▶ [Given data]
══════

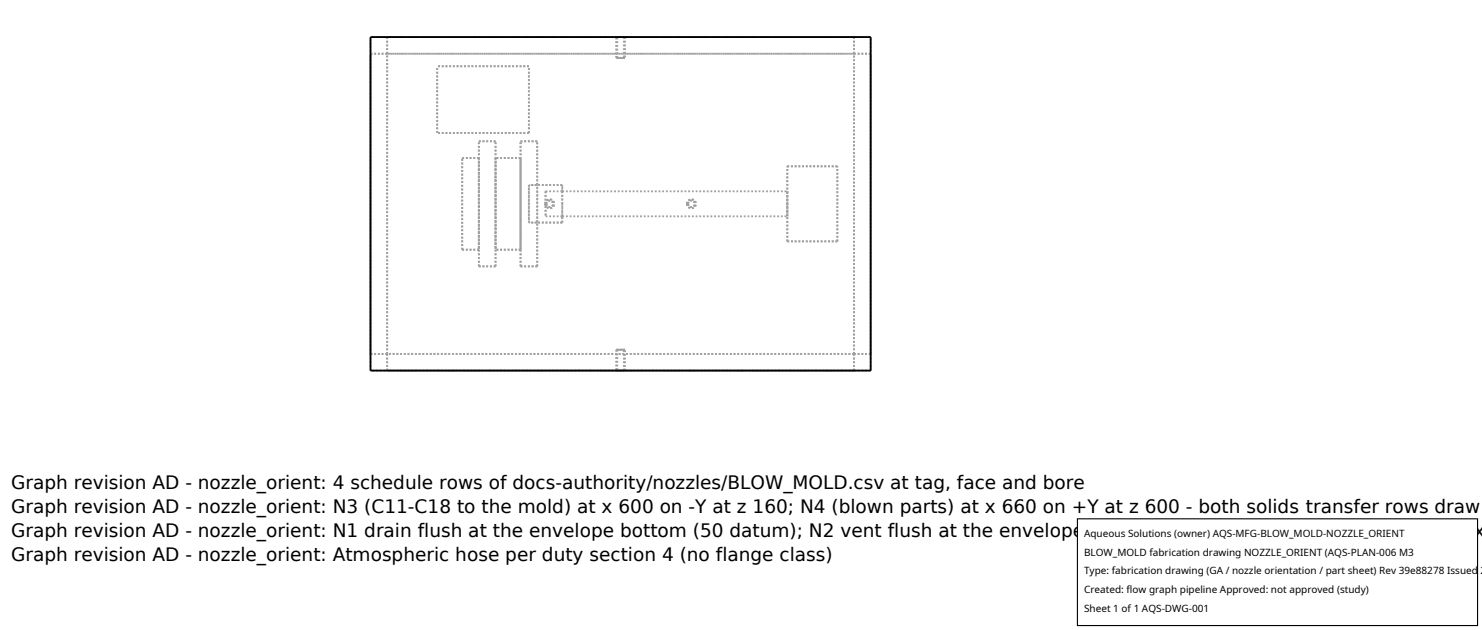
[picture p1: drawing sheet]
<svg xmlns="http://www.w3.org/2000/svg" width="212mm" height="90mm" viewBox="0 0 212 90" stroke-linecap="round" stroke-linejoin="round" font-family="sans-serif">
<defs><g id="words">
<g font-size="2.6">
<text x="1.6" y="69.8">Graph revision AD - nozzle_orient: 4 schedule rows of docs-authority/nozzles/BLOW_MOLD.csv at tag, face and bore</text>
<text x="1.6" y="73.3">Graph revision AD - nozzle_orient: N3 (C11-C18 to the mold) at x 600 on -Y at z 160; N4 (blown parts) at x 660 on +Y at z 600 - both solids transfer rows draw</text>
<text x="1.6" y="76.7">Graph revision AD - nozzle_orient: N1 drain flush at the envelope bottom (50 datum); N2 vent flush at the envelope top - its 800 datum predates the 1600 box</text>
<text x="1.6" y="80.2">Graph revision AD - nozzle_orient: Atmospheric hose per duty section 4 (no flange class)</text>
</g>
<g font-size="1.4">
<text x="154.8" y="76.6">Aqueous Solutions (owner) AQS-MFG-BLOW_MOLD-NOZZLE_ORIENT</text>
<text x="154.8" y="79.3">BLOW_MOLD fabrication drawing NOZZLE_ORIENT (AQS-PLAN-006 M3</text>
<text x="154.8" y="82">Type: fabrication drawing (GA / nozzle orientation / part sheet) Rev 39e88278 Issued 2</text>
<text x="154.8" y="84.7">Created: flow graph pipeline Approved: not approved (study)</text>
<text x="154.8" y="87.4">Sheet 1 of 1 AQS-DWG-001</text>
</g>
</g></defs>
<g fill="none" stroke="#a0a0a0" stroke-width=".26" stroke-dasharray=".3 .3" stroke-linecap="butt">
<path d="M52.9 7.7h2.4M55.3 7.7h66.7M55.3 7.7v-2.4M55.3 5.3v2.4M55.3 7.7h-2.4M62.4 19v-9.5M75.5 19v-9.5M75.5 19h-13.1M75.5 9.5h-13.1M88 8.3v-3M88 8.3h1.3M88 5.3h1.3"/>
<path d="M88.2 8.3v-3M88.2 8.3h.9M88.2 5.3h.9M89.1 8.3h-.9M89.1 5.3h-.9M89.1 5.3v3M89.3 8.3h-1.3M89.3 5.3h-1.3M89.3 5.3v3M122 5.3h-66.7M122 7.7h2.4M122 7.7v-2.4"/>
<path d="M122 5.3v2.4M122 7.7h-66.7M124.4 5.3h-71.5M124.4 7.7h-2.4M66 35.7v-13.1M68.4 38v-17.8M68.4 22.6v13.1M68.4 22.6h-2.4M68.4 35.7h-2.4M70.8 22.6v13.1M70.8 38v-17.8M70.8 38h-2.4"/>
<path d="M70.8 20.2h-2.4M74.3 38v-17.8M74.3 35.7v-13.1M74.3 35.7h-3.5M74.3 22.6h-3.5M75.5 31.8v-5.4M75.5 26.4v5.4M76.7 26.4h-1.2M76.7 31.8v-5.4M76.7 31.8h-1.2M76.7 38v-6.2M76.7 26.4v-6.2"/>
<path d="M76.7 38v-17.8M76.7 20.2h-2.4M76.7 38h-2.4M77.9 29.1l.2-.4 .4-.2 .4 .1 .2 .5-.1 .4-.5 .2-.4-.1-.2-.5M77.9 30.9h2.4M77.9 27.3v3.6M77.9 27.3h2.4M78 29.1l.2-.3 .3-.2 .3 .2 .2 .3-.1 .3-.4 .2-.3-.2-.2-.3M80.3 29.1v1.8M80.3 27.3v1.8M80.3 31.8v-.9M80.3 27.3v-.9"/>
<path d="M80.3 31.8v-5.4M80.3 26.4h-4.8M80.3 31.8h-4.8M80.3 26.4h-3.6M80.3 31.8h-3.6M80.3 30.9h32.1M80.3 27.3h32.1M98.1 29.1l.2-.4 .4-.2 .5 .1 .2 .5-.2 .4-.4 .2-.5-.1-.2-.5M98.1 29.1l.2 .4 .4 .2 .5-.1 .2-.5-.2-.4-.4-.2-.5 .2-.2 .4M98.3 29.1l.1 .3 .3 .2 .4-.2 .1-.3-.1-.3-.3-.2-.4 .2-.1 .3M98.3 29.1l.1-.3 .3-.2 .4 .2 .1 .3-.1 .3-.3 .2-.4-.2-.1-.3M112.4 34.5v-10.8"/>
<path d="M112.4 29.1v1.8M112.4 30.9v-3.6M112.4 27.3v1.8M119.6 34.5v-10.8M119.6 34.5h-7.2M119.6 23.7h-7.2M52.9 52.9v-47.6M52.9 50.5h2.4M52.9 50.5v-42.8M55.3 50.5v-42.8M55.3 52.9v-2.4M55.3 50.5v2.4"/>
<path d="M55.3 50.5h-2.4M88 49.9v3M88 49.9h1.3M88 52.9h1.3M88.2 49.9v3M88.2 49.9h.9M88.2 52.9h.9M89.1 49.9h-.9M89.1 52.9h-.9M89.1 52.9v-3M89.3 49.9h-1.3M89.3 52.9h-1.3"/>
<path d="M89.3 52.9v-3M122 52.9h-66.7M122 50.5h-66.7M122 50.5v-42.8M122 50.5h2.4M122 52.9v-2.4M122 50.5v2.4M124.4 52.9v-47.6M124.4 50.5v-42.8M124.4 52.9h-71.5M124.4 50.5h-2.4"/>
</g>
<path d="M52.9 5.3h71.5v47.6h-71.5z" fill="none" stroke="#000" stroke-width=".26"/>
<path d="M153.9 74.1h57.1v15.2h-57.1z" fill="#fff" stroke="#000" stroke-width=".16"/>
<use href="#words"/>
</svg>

══════

Repeat the data above exactly, but not the pictures.

▶ [Task answer]
[picture p1: drawing sheet]
<svg xmlns="http://www.w3.org/2000/svg" width="212mm" height="90mm" viewBox="0 0 212 90" stroke-linecap="round" stroke-linejoin="round" font-family="sans-serif">
<defs><g id="words">
<g font-size="2.6">
<text x="1.6" y="69.8">Graph revision AD - nozzle_orient: 4 schedule rows of docs-authority/nozzles/BLOW_MOLD.csv at tag, face and bore</text>
<text x="1.6" y="73.3">Graph revision AD - nozzle_orient: N3 (C11-C18 to the mold) at x 600 on -Y at z 160; N4 (blown parts) at x 660 on +Y at z 600 - both solids transfer rows draw</text>
<text x="1.6" y="76.7">Graph revision AD - nozzle_orient: N1 drain flush at the envelope bottom (50 datum); N2 vent flush at the envelope top - its 800 datum predates the 1600 box</text>
<text x="1.6" y="80.2">Graph revision AD - nozzle_orient: Atmospheric hose per duty section 4 (no flange class)</text>
</g>
<g font-size="1.4">
<text x="154.8" y="76.6">Aqueous Solutions (owner) AQS-MFG-BLOW_MOLD-NOZZLE_ORIENT</text>
<text x="154.8" y="79.3">BLOW_MOLD fabrication drawing NOZZLE_ORIENT (AQS-PLAN-006 M3</text>
<text x="154.8" y="82">Type: fabrication drawing (GA / nozzle orientation / part sheet) Rev 39e88278 Issued 2</text>
<text x="154.8" y="84.7">Created: flow graph pipeline Approved: not approved (study)</text>
<text x="154.8" y="87.4">Sheet 1 of 1 AQS-DWG-001</text>
</g>
</g></defs>
<g fill="none" stroke="#a0a0a0" stroke-width=".26" stroke-dasharray=".3 .3" stroke-linecap="butt">
<path d="M52.9 7.7h2.4M55.3 7.7h66.7M55.3 7.7v-2.4M55.3 5.3v2.4M55.3 7.7h-2.4M62.4 19v-9.5M75.5 19v-9.5M75.5 19h-13.1M75.5 9.5h-13.1M88 8.3v-3M88 8.3h1.3M88 5.3h1.3"/>
<path d="M88.2 8.3v-3M88.2 8.3h.9M88.2 5.3h.9M89.1 8.3h-.9M89.1 5.3h-.9M89.1 5.3v3M89.3 8.3h-1.3M89.3 5.3h-1.3M89.3 5.3v3M122 5.3h-66.7M122 7.7h2.4M122 7.7v-2.4"/>
<path d="M122 5.3v2.4M122 7.7h-66.7M124.4 5.3h-71.5M124.4 7.7h-2.4M66 35.7v-13.1M68.4 38v-17.8M68.4 22.6v13.1M68.4 22.6h-2.4M68.4 35.7h-2.4M70.8 22.6v13.1M70.8 38v-17.8M70.8 38h-2.4"/>
<path d="M70.8 20.2h-2.4M74.3 38v-17.8M74.3 35.7v-13.1M74.3 35.7h-3.5M74.3 22.6h-3.5M75.5 31.8v-5.4M75.5 26.4v5.4M76.7 26.4h-1.2M76.7 31.8v-5.4M76.7 31.8h-1.2M76.7 38v-6.2M76.7 26.4v-6.2"/>
<path d="M76.7 38v-17.8M76.7 20.2h-2.4M76.7 38h-2.4M77.9 29.1l.2-.4 .4-.2 .4 .1 .2 .5-.1 .4-.5 .2-.4-.1-.2-.5M77.9 30.9h2.4M77.9 27.3v3.6M77.9 27.3h2.4M78 29.1l.2-.3 .3-.2 .3 .2 .2 .3-.1 .3-.4 .2-.3-.2-.2-.3M80.3 29.1v1.8M80.3 27.3v1.8M80.3 31.8v-.9M80.3 27.3v-.9"/>
<path d="M80.3 31.8v-5.4M80.3 26.4h-4.8M80.3 31.8h-4.8M80.3 26.4h-3.6M80.3 31.8h-3.6M80.3 30.9h32.1M80.3 27.3h32.1M98.1 29.1l.2-.4 .4-.2 .5 .1 .2 .5-.2 .4-.4 .2-.5-.1-.2-.5M98.1 29.1l.2 .4 .4 .2 .5-.1 .2-.5-.2-.4-.4-.2-.5 .2-.2 .4M98.3 29.1l.1 .3 .3 .2 .4-.2 .1-.3-.1-.3-.3-.2-.4 .2-.1 .3M98.3 29.1l.1-.3 .3-.2 .4 .2 .1 .3-.1 .3-.3 .2-.4-.2-.1-.3M112.4 34.5v-10.8"/>
<path d="M112.4 29.1v1.8M112.4 30.9v-3.6M112.4 27.3v1.8M119.6 34.5v-10.8M119.6 34.5h-7.2M119.6 23.7h-7.2M52.9 52.9v-47.6M52.9 50.5h2.4M52.9 50.5v-42.8M55.3 50.5v-42.8M55.3 52.9v-2.4M55.3 50.5v2.4"/>
<path d="M55.3 50.5h-2.4M88 49.9v3M88 49.9h1.3M88 52.9h1.3M88.2 49.9v3M88.2 49.9h.9M88.2 52.9h.9M89.1 49.9h-.9M89.1 52.9h-.9M89.1 52.9v-3M89.3 49.9h-1.3M89.3 52.9h-1.3"/>
<path d="M89.3 52.9v-3M122 52.9h-66.7M122 50.5h-66.7M122 50.5v-42.8M122 50.5h2.4M122 52.9v-2.4M122 50.5v2.4M124.4 52.9v-47.6M124.4 50.5v-42.8M124.4 52.9h-71.5M124.4 50.5h-2.4"/>
</g>
<path d="M52.9 5.3h71.5v47.6h-71.5z" fill="none" stroke="#000" stroke-width=".26"/>
<path d="M153.9 74.1h57.1v15.2h-57.1z" fill="#fff" stroke="#000" stroke-width=".16"/>
<use href="#words"/>
</svg>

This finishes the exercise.